Red Hat has announced new features in OpenShift AI version 2.15, including a Model Registry for managing predictive and generative AI models, metadata, and model artifacts. OpenShift AI is a platform for developing and operating AI applications in a hybrid cloud environment, focusing on data collection, model training, fine-tuning, deployment, monitoring, and hardware acceleration.
One of the new features in OpenShift AI 2.15 is Data Drift Detection, which identifies changes in input data distribution for existing ML models. This feature alerts data scientists when live data significantly deviates from training data, allowing model reliability checks and adjustments to real data. Additionally, Bias Detection helps create fair and unbiased AI by monitoring model fairness in practice.
Fine-Tuning with Low Rank Adaption (LoRA) allows quicker fine-tuning of large language models (LLMs) like Llama 3. NVIDIA NIM support accelerates distributed AI application deployment using microservices and is part of the NVIDIA AI Enterprise Software Platform. OpenShift also supports AMD GPUs, providing access to an AMD ROCm Workbench Image for model development and additional options for GPU use to enhance performance in compute-intensive tasks.
Red Hat aims to enable platform-independent AI models, recognizing that large language models are often hardware-dependent. To address this, Red Hat acquired Neural Magic, a MIT spin-off, and plans to introduce “Open Hybrid AI.” This involves abstracting LLMs to run on any platform, creating “virtual LLMs” (vLLMs). This concept, developed at the University of California, Berkeley, supports various hardware platforms, including processors from AMD, Intel, and Nvidia, as well as custom chips from Amazon Web Services and Google.

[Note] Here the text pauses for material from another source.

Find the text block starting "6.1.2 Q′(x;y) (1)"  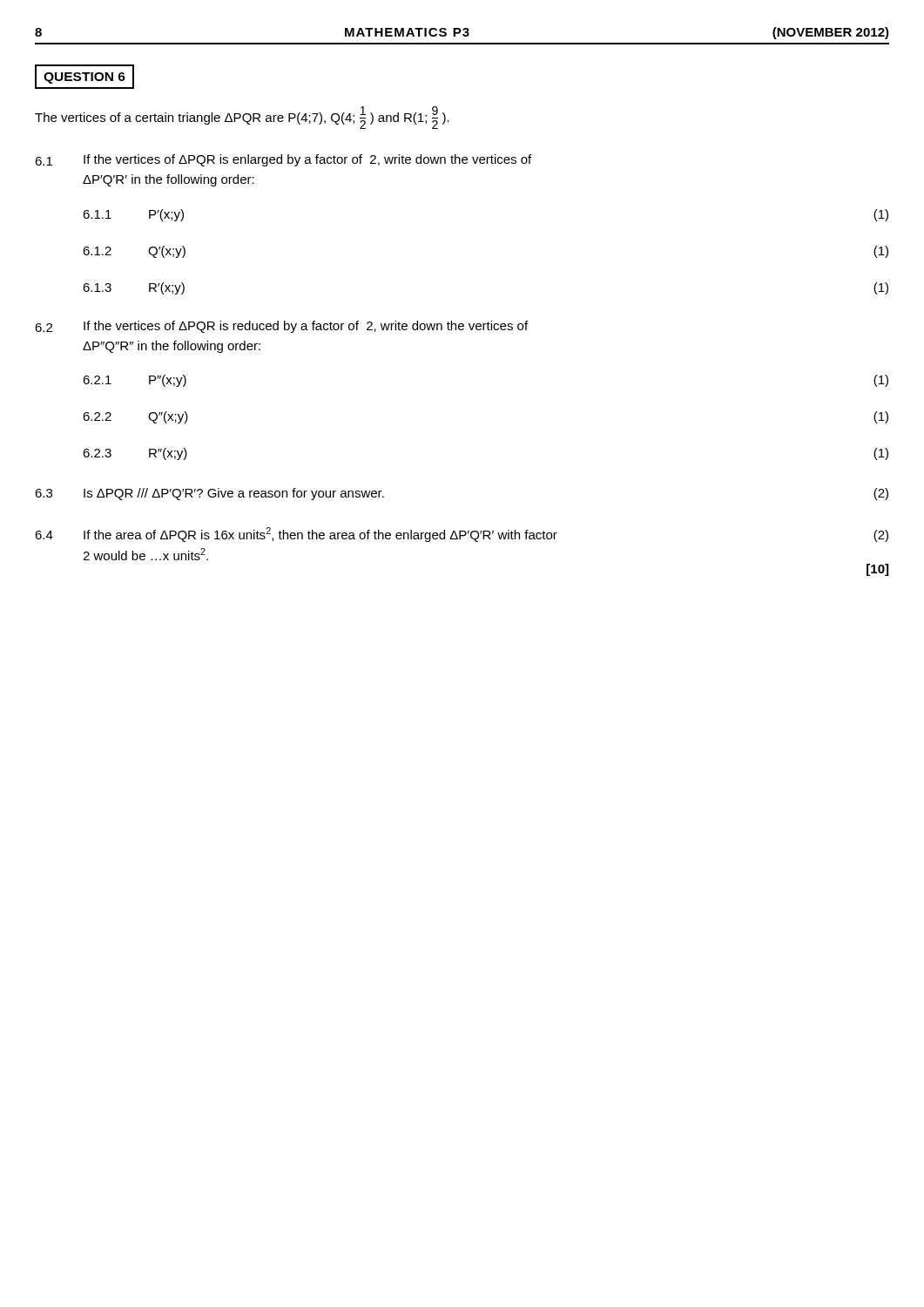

While large LLMs require substantial computational power, Red Hat focuses on “Small Language Models” (SML) for simpler AI applications. These models are trained specifically for certain tasks, requiring less computational power and can run on servers or new AI PCs. Red Hat collaborates with Intel in this endeavor.
IBM’s Granite-7B language model is integrated into InstructLab, allowing customization for specific business needs without losing prior training. IBM reports that Granite model fine-tuning for COBOL to Java translation initially required 14 rounds over nine months. With InstructLab, this was reduced to one week for improved performance.

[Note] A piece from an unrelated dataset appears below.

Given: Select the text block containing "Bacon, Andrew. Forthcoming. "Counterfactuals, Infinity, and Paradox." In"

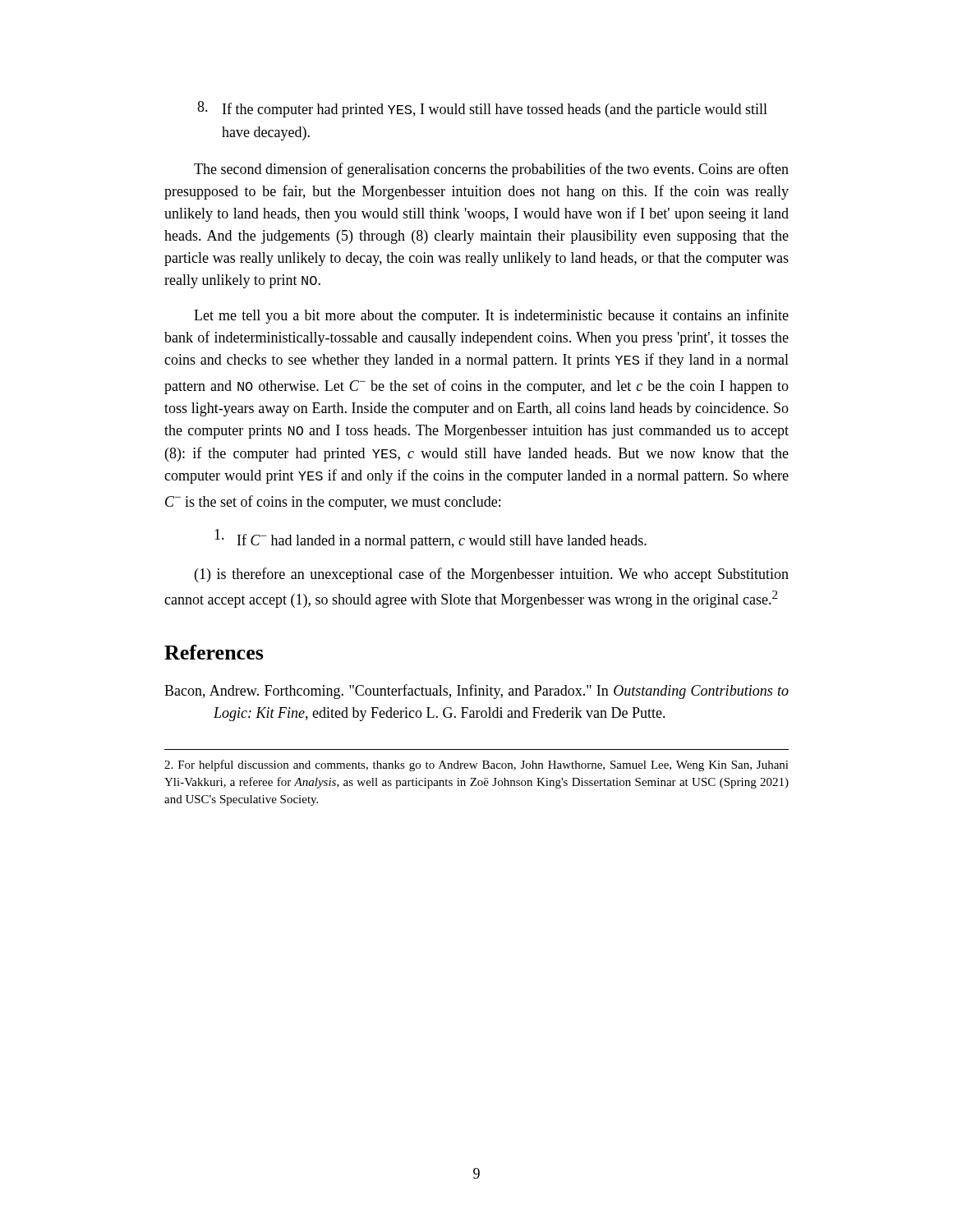Looking at the screenshot, I should point(476,701).

The use of open source for AI is viewed critically, partly due to dependence on major companies like Microsoft, Facebook, Google, and Tesla. Developing and maintaining LLMs requires immense resources beyond community capabilities. Open source is not yet a full alternative to proprietary products. The LF AI & Data Foundation found open-source models generally perform worse than closed-source models. Security is another concern, with over 30% of open-source models showing vulnerabilities, compared to fewer risks in closed models.
Open-source AI faces challenges like “openwashing,” where products claim to be open source but don’t adhere to open source principles. According to the LF AI & Data Foundation, an open-source AI system must be usable for any purpose without permission, have accessible functionality, be modifiable, and be shareable with or without changes. Models meeting these criteria include Pythia (Eleuther AI), OLMo (AI2), Amber, CrystalCoder (LLM360), and T5 (Google). Others, like BLOOM (BigScience), Starcoder2 (BigCode), and Falcon (TII), may qualify if they change licenses or legal terms. Models like Llama2 (Meta), Grok (X/Twitter), Phi-2 (Microsoft), and Mixtral (Mistral) do not meet open-source principles.
The Foundation highlights a major issue with closed-source models: the lack of transparency in algorithms and data, potentially leading to legal issues. Open-source providers argue they have an advantage, as their software is free from third-party claims, including AI solutions.